Sanità, nel 2016 834mila visite con il Rao Ecco i tempi di attesa per ogni prestazione
Meno male si sta più si aspetta. E se si ritiene che il medico si sbagli non assegnando una priorità Rao e il dolore sia preoccupante e insopportabile si può comunque mettere mano al portafoglio e «saltare la fila», affidandosi alle visite in libera professione.
L’azienda sanitaria ha fornito una serie di tabelle che riguardano i tempi di attesa dei pazienti. Estrapolare dei dati non è facile, perché le variabili sono molte: prima di tutto la presenza o meno del cosiddetto codice Rao. Se il medico di base lo prescrive allo specialista i tempi di attesa sono minimi: si va da 1 giorno di media nel 2016 per i 12.032 che hanno presentato un Rao A ai 5 per i 57.803 che hanno un Rao B. In totale l’anno scorso sono state prenotate con Rao 834.010 visite. Indicativamente un paziente su dieci in media accede alle prestazioni a pagamento.
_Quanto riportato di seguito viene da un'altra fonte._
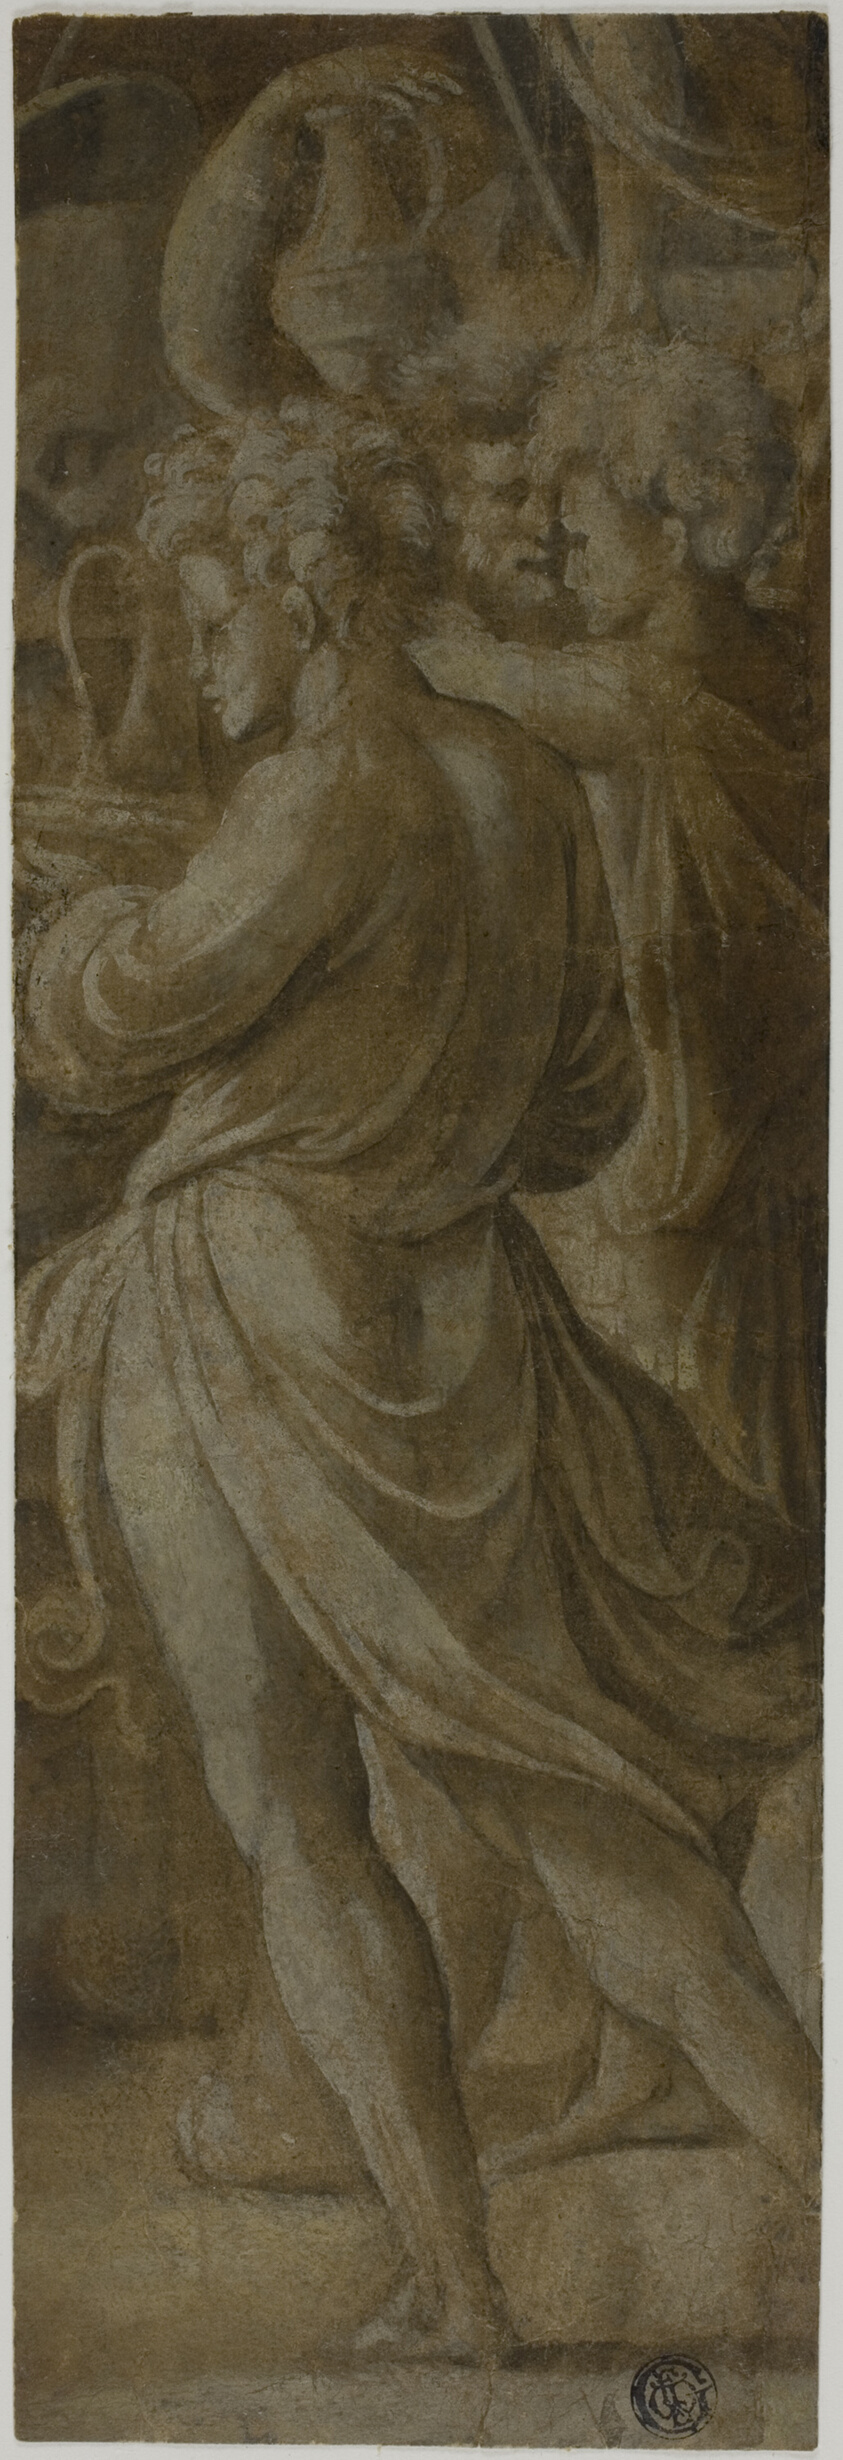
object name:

LA TABELLA RIASSUNTIVA DEL 2016
I dati riguardano la mediana dei tempi d’attesa, ovvero il valore intermedio fra gli estremi di una successione finita di valori. L’attesa più lunga, 42 giorni, riguarda la colonscopia. Al secondo posto, con 29 giorni, troviamo una visita di chirurgia vascolare. Rapidissimi, invece, i tempi per un elettrocardiogramma: 7 giorni.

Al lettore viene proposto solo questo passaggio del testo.